Rethinking Self-Supervision Objectives for Generalizable Coherence
Modeling
- URL: http://arxiv.org/abs/2110.07198v1
- Date: Thu, 14 Oct 2021 07:44:14 GMT
- Title: Rethinking Self-Supervision Objectives for Generalizable Coherence
Modeling
- Authors: Prathyusha Jwalapuram, Shafiq Joty and Xiang Lin
- Abstract summary: Coherence evaluation of machine generated text is one of the principal applications of coherence models that needs to be investigated.
We explore training data and self-supervision objectives that result in a model that generalizes well across tasks.

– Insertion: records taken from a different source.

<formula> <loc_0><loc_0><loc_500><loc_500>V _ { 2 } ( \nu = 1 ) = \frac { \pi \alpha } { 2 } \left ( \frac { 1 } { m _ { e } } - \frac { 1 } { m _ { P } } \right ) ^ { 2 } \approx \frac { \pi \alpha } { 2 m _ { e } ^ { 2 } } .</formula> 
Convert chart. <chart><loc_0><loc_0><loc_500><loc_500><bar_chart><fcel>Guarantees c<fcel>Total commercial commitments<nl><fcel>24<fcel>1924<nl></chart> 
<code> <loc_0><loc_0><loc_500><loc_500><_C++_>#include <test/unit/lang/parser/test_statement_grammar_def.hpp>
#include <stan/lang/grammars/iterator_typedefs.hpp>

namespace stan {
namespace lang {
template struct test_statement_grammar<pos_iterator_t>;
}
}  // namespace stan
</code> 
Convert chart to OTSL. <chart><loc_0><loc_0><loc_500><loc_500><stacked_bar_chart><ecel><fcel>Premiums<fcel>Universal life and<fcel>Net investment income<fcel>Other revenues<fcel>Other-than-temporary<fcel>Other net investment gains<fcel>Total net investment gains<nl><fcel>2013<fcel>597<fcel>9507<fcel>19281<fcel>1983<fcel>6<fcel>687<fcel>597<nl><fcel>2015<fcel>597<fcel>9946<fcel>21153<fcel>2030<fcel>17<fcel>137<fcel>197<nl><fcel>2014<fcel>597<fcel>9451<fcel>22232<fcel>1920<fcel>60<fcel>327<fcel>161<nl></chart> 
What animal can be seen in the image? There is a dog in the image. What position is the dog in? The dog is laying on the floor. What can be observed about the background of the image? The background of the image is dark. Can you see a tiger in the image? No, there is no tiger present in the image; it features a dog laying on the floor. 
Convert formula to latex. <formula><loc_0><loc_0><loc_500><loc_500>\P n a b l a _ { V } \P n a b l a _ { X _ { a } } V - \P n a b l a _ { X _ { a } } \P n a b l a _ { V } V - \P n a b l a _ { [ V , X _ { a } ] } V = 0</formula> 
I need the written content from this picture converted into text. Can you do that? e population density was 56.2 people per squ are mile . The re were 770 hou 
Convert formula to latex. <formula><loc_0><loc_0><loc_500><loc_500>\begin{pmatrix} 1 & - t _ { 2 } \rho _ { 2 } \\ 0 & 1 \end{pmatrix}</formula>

We show empirically that increasing the density of negative samples improves the basic model, and using a global negative queue further improves and stabilizes the model while training with hard negative samples.
- Score: 8.329870357145927
- License: http://arxiv.org/licenses/nonexclusive-distrib/1.0/
- Abstract: Although large-scale pre-trained neural models have shown impressive
performances in a variety of tasks, their ability to generate coherent text
that appropriately models discourse phenomena is harder to evaluate and less
understood. Given the claims of improved text generation quality across various
systems, we consider the coherence evaluation of machine generated text to be
one of the principal applications of coherence models that needs to be
investigated. We explore training data and self-supervision objectives that
result in a model that generalizes well across tasks and can be used
off-the-shelf to perform such evaluations. Prior work in neural coherence
modeling has primarily focused on devising new architectures, and trained the
model to distinguish coherent and incoherent text through pairwise
self-supervision on the permuted documents task. We instead use a basic model
architecture and show significant improvements over state of the art within the
same training regime. We then design a harder self-supervision objective by
increasing the ratio of negative samples within a contrastive learning setup,
and enhance the model further through automatic hard negative mining coupled
with a large global negative queue encoded by a momentum encoder. We show
empirically that increasing the density of negative samples improves the basic
model, and using a global negative queue further improves and stabilizes the
model while training with hard negative samples. We evaluate the coherence
model on task-independent test sets that resemble real-world use cases and show
significant improvements in coherence evaluations of downstream applications.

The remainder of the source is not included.